I'm feeling like a slacker.
Funny words from a person who rarely has time to eat and sleep, but it's true.
I've had so little homework to do during clerkship, and I've taken advantage of that fact. Around me, friends are studying for the final, writing their pharmacology exam, prepping for their in-class peer review (I did mine first, so nothing to prep since January) and just generally being more proactive than I am. I'm the girl who makes everyone feel better about themselves when they THINK they've been slacking and then find out I've done even less.
The truth is, I've always been this way. I'm a procrastinator, through and through. Give me extra time for a task and I will fill it with something entirely unrelated. Last minute is my style... mix in a little perfectionist for a fairly uncomfortable combo. That's just who I am.
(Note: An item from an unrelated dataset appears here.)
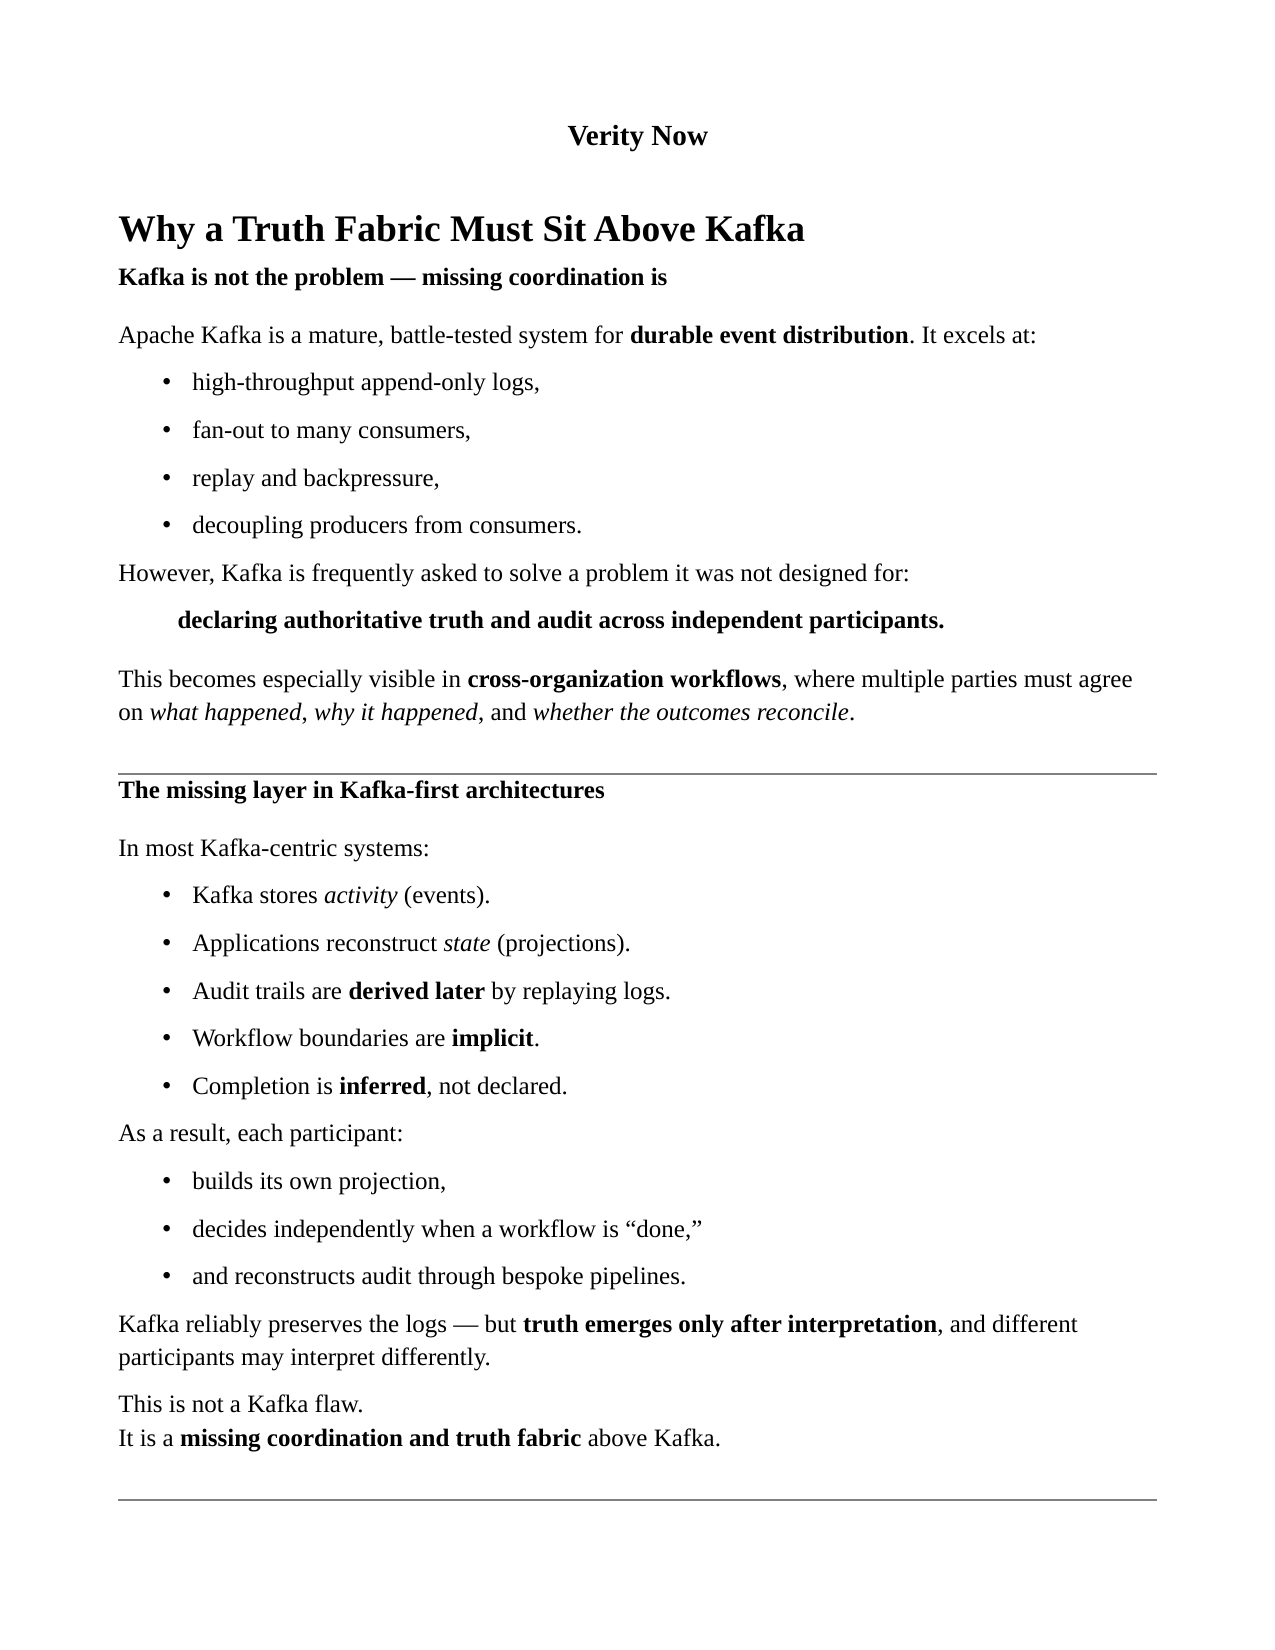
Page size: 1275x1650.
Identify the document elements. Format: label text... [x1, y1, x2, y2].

Lately I find myself filling my extra time with daydreaming. This is new for me. I've never been much of a dreamer. In my mind, I am imagining life after the MEP. I am arranging furniture in our new apartment, exploring our new-old city, reconnecting with friends, catching up with my Ontario friends on facebook... I think it's funny that I'm spending so much time daydreaming and fantasizing about doing normal every day things. I'm so ready to fall in love with Winnipeg again... maybe for the first time.
Today one of the midwives told me she is really excited about my future endeavours, and she said the most lovely thing: "I'm excited for you, and you are totally ready for this." Tonight I'm savouring that comment. And not doing any work.